The last Alfa Romeo to bear the name Giulietta went out of production at the end of 2020. The SUV Tonale arrived in its place. A different kind of bodywork and a different name, while the history of this sedan belongs to a small group of men who combined their knowledge just under 70 years ago. One more reason to reuse the name Giulietta one day on another Alfa, recalling the popularity of a model that proved a veritable relaunch for the brand. It is a great Italian story: it was December 1951 and Giuseppe Luraghi was appointed as General Manager of Finmeccanica, the new financial group under which IRI had merged its mechanical holdings, including Alfa Romeo. Born in Lombardy, 46 years of age, he is a leading company manager in both the public and private sectors, from Finmeccanica to Lanerossi, Pirelli, SIP and Mondadori.
He described himself as “poor” in mathematics in elementary school, with a love of boxing, in which he won several tournaments as a boy: "I believe that the education I received from boxing,” he writes in his book Capi si diventa (You Become a Leader) from 1973, “has been more useful to me in my life than university education.”
A man not inclined to compromise and a visionary in the industrialization of the South, he was asked to recover the huge losses of the Milanese brand at risk of liquidation. Thus, Luraghi reinvented the modern Alfa Romeo, a company no longer only subsidized by the state but capable of competing on the markets. Ready to challenge even the might of Fiat and the Christian Democrat power of the time. Luraghi sees it like Romeo saw Juliet: a perfect love.
The financial position remained short and he was forced to make a painful decision: to give up the brand’s racing activities
In his vision, the relaunch of the brand in those early 1950s had to involve a car of compact size and power, with sporting features and above all affordable prices. The manager sought and found within the company an excellent team of technicians led by engineer Orazio Satta. However, IRI-Finmeccanica did not have the money and Luraghi bet on a German investor, Otto Wolf.
The financial position remained short and he was forced to make a painful decision: to give up the brand’s racing activities, which had just enjoyed two consecutive victories in the world championship with Farina and Fangio. The Giulietta was presented at the Turin Motor Show in 1954 but would only go into production the following year due to tuning problems. This is why the first to arrive on the market was the Giulietta Sprint, the coupé designed by Nuccio Bertone.
The sedan, 3.90 meters in length, has a twin-shaft 1.3-liter engine that guarantees performance that matches the reputation of the brand and is also comfortable for families, as is needed on the road for the imminent motorization of Italy.

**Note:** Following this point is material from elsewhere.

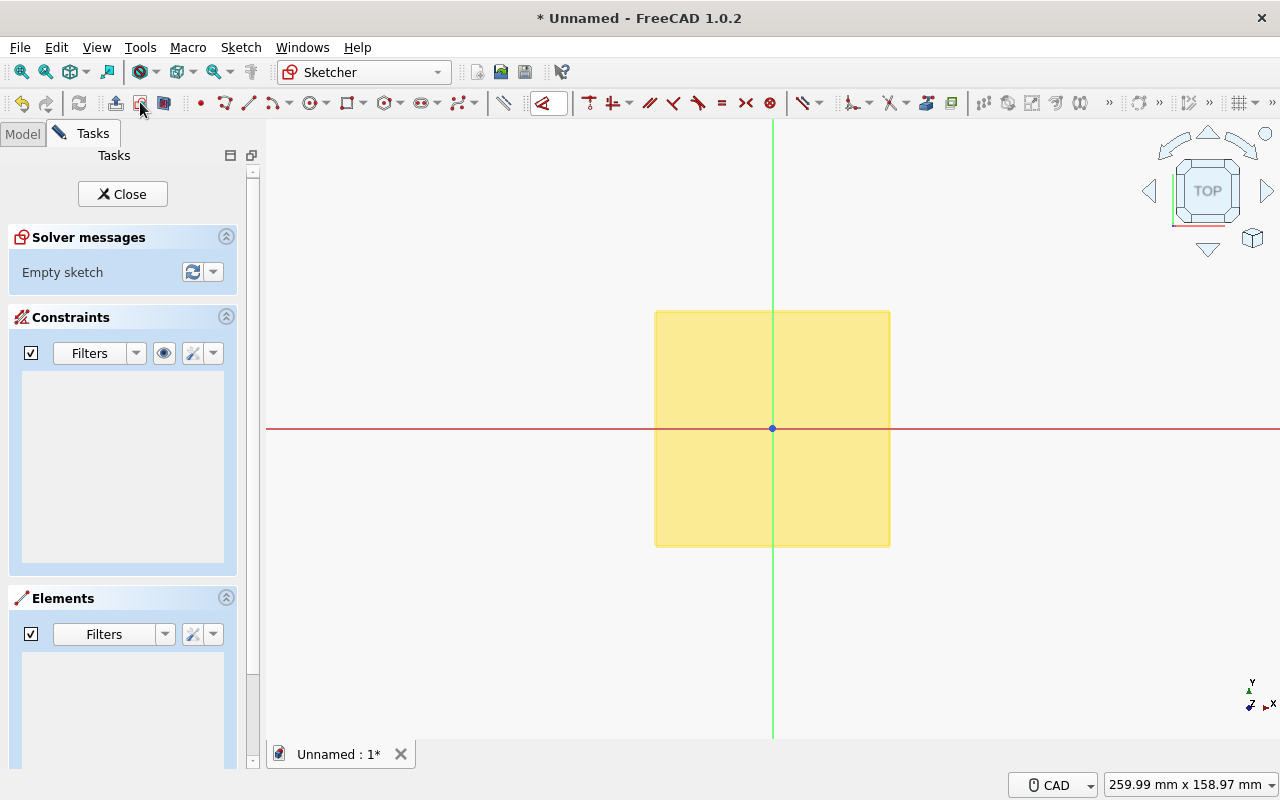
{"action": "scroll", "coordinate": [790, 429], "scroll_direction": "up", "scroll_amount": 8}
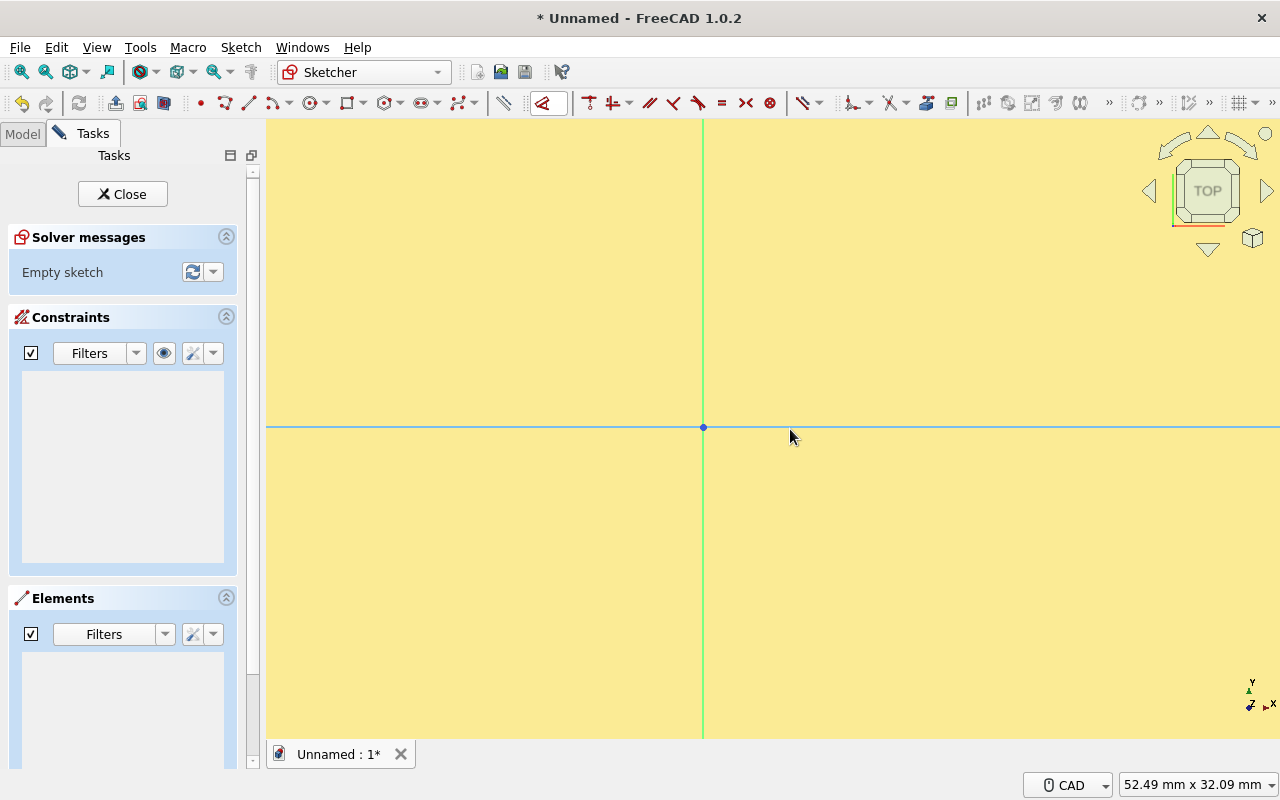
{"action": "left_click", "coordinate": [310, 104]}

At Fiat, the dominant brand in Italy, there must have been suspicions if Luraghi writes the following lines in his memoirs, cited in the great book Luraghi, l’uomo che inventò la Giulietta (Luraghi, the Man who Invented the Giulietta) by Rinaldo Gianola, who had access to the personal archive of the industry manager: “The designs for the new car were produced in secret: from the initials and numbers appropriately printed on the drawings, the third parties had to work out that it was a car with an engine capacity of 850 cubic centimeters. Thus, we managed to keep the secret (…) an exceptional case in a sector in which industrial and journalistic espionage reigns and spreads at incredible speed.”
Alfa Romeo was reborn and the Giulietta became its North Star
He continued: "To launch the program, we even had to overcome the adversity of certain directors of the same company, who declared it dangerous to provoke the dangerous competitors already established in the field of medium-sized cars.”
Alfa Romeo was reborn and the Giulietta became its North Star. The sedan was produced until 1963, the Sprint until 1965, the fantastic Spider designed by Pininfarina until 1961. And tomorrow, with this name, who knows.